Ave Maria Virgo Serena
  • d_j
    Posts: 21
    Been searching and could not find any chant notation... do they make it for this piece? Thanks in advance!
  • matthewjmatthewj
    Posts: 2,697
    Yes. It's Mode VI... I know I had it at one point...
  • CHGiffenCHGiffen
    Posts: 5,169
    Here you are. PDF score attached.
    Thanked by 3d_j Jackson Cantus67
  • d_j
    Posts: 21
    @ CHGiffen... where? Apologies, I don't see it!
  • CHGiffenCHGiffen
    Posts: 5,169
    Click on the "Ave Maria Virgo Serena.pdf" to access the score (download or open in Acrobat Reader).
  • matthewjmatthewj
    Posts: 2,697
    Refresh your page.
    Thanked by 1d_j
  • d_j
    Posts: 21
    Golly gee... dang internet! Thank you both so much... Ave's for you!
  • CHGiffenCHGiffen
    Posts: 5,169
    Here is a recording of this splendid sequence hymn:


  • CHGiffenCHGiffen
    Posts: 5,169
    Compare the sequence (above) with the Jean Mouton motet in two parts.
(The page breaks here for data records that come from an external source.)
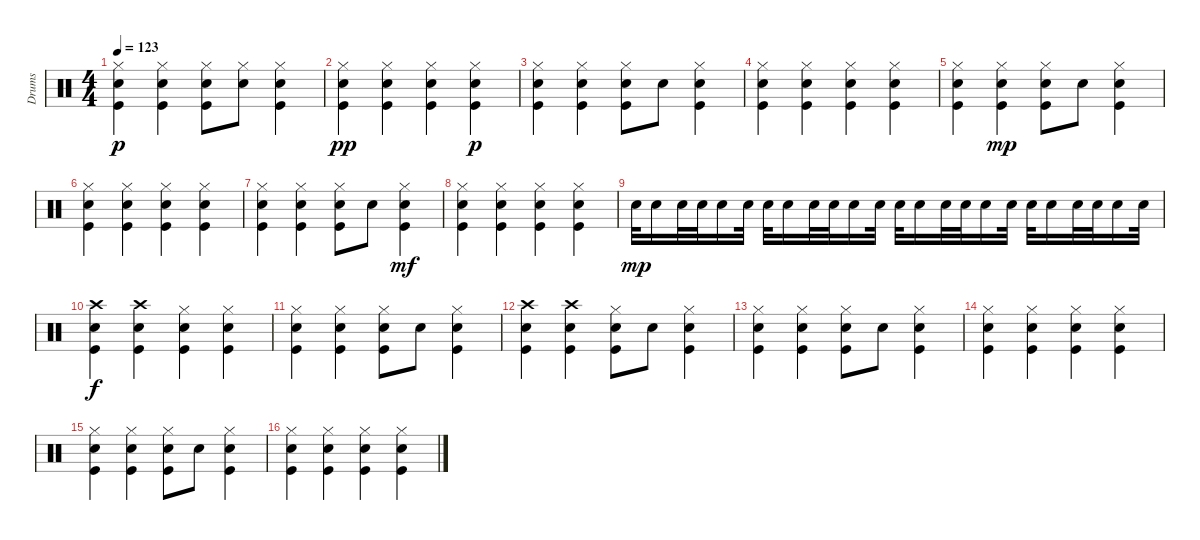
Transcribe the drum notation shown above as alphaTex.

\track ("Drums" "Drums") {instrument percussion}
\staff {score}
\articulation defaults
\ts (4 4)
\tempo 123
\clef neutral
\ks c
("Electric Snare (hit)" "Kick (hit)" "Hi-Hat (closed)").4{dy p} ("Kick (hit)" "Electric Snare (hit)" "Hi-Hat (closed)").4 ("Kick (hit)" "Electric Snare (hit)" "Hi-Hat (closed)").8 ("Hi-Hat (closed)" "Electric Snare (hit)").8 ("Kick (hit)" "Electric Snare (hit)" "Hi-Hat (closed)").4 |
("Hi-Hat (closed)" "Kick (hit)" "Electric Snare (hit)").4{dy pp} ("Hi-Hat (closed)" "Kick (hit)" "Electric Snare (hit)").4 ("Hi-Hat (closed)" "Kick (hit)" "Electric Snare (hit)").4 ("Hi-Hat (closed)" "Kick (hit)" "Electric Snare (hit)").4{dy p} |
("Electric Snare (hit)" "Kick (hit)" "Hi-Hat (closed)").4 ("Kick (hit)" "Electric Snare (hit)" "Hi-Hat (closed)").4 ("Kick (hit)" "Electric Snare (hit)" "Hi-Hat (closed)").8 "Electric Snare (hit)".8 ("Kick (hit)" "Electric Snare (hit)" "Hi-Hat (closed)").4 |
("Hi-Hat (closed)" "Kick (hit)" "Electric Snare (hit)").4 ("Hi-Hat (closed)" "Kick (hit)" "Electric Snare (hit)").4 ("Hi-Hat (closed)" "Kick (hit)" "Electric Snare (hit)").4 ("Hi-Hat (closed)" "Kick (hit)" "Electric Snare (hit)").4 |
("Electric Snare (hit)" "Kick (hit)" "Hi-Hat (closed)").4 ("Kick (hit)" "Electric Snare (hit)" "Hi-Hat (closed)").4{dy mp} ("Kick (hit)" "Electric Snare (hit)" "Hi-Hat (closed)").8 "Electric Snare (hit)".8 ("Kick (hit)" "Electric Snare (hit)" "Hi-Hat (closed)").4 |
("Hi-Hat (closed)" "Kick (hit)" "Electric Snare (hit)").4 ("Hi-Hat (closed)" "Kick (hit)" "Electric Snare (hit)").4 ("Hi-Hat (closed)" "Kick (hit)" "Electric Snare (hit)").4 ("Hi-Hat (closed)" "Kick (hit)" "Electric Snare (hit)").4 |
("Electric Snare (hit)" "Kick (hit)" "Hi-Hat (closed)").4 ("Kick (hit)" "Electric Snare (hit)" "Hi-Hat (closed)").4 ("Kick (hit)" "Electric Snare (hit)" "Hi-Hat (closed)").8 "Electric Snare (hit)".8 ("Kick (hit)" "Electric Snare (hit)" "Hi-Hat (closed)").4{dy mf} |
("Hi-Hat (closed)" "Kick (hit)" "Electric Snare (hit)").4 ("Hi-Hat (closed)" "Kick (hit)" "Electric Snare (hit)").4 ("Hi-Hat (closed)" "Kick (hit)" "Electric Snare (hit)").4 ("Electric Snare (hit)" "Hi-Hat (closed)" "Kick (hit)").4 |
"Electric Snare (hit)".32{dy mp} "Electric Snare (hit)".16 "Electric Snare (hit)".32 "Electric Snare (hit)".32 "Electric Snare (hit)".16 "Electric Snare (hit)".32 "Electric Snare (hit)".32 "Electric Snare (hit)".16 "Electric Snare (hit)".32 "Electric Snare (hit)".32 "Electric Snare (hit)".16 "Electric Snare (hit)".32 "Electric Snare (hit)".32 "Electric Snare (hit)".16 "Electric Snare (hit)".32 "Electric Snare (hit)".32 "Electric Snare (hit)".16 "Electric Snare (hit)".32 "Electric Snare (hit)".32 "Electric Snare (hit)".16 "Electric Snare (hit)".32 "Electric Snare (hit)".32 "Electric Snare (hit)".16 "Electric Snare (hit)".32 |
("Crash high (hit)" "Kick (hit)" "Electric Snare (hit)").4{dy f} ("Crash high (hit)" "Kick (hit)" "Electric Snare (hit)").4 ("Kick (hit)" "Electric Snare (hit)" "Hi-Hat (closed)").4 ("Kick (hit)" "Electric Snare (hit)" "Hi-Hat (closed)").4 |
("Electric Snare (hit)" "Kick (hit)" "Hi-Hat (closed)").4 ("Kick (hit)" "Electric Snare (hit)" "Hi-Hat (closed)").4 ("Kick (hit)" "Electric Snare (hit)" "Hi-Hat (closed)").8 "Electric Snare (hit)".8 ("Kick (hit)" "Electric Snare (hit)" "Hi-Hat (closed)").4 |
("Crash high (hit)" "Electric Snare (hit)" "Kick (hit)").4 ("Crash high (hit)" "Kick (hit)" "Electric Snare (hit)").4 ("Kick (hit)" "Electric Snare (hit)" "Hi-Hat (closed)").8 "Electric Snare (hit)".8 ("Kick (hit)" "Electric Snare (hit)" "Hi-Hat (closed)").4 |
("Electric Snare (hit)" "Kick (hit)" "Hi-Hat (closed)").4 ("Kick (hit)" "Electric Snare (hit)" "Hi-Hat (closed)").4 ("Kick (hit)" "Electric Snare (hit)" "Hi-Hat (closed)").8 "Electric Snare (hit)".8 ("Kick (hit)" "Electric Snare (hit)" "Hi-Hat (closed)").4 |
("Kick (hit)" "Electric Snare (hit)" "Hi-Hat (closed)").4 ("Kick (hit)" "Electric Snare (hit)" "Hi-Hat (closed)").4 ("Kick (hit)" "Electric Snare (hit)" "Hi-Hat (closed)").4 ("Kick (hit)" "Electric Snare (hit)" "Hi-Hat (closed)").4 |
("Electric Snare (hit)" "Kick (hit)" "Hi-Hat (closed)").4 ("Kick (hit)" "Electric Snare (hit)" "Hi-Hat (closed)").4 ("Kick (hit)" "Electric Snare (hit)" "Hi-Hat (closed)").8 "Electric Snare (hit)".8 ("Kick (hit)" "Electric Snare (hit)" "Hi-Hat (closed)").4 |
("Kick (hit)" "Electric Snare (hit)" "Hi-Hat (closed)").4 ("Kick (hit)" "Electric Snare (hit)" "Hi-Hat (closed)").4 ("Kick (hit)" "Electric Snare (hit)" "Hi-Hat (closed)").4 ("Kick (hit)" "Electric Snare (hit)" "Hi-Hat (closed)").4

The attached recording is by Zephyrus, from its CD Nativity, 1997 (I'm one of the two basses in the recording). The attached score is my own edition, available also at CPDL.

    Mouton omits some of the verses of the text, but one can clearly see or hear the Gregorian melodies, in various parts, and there is an added "O Maria dulcissima..." conclusion to the piece that is quite beautiful.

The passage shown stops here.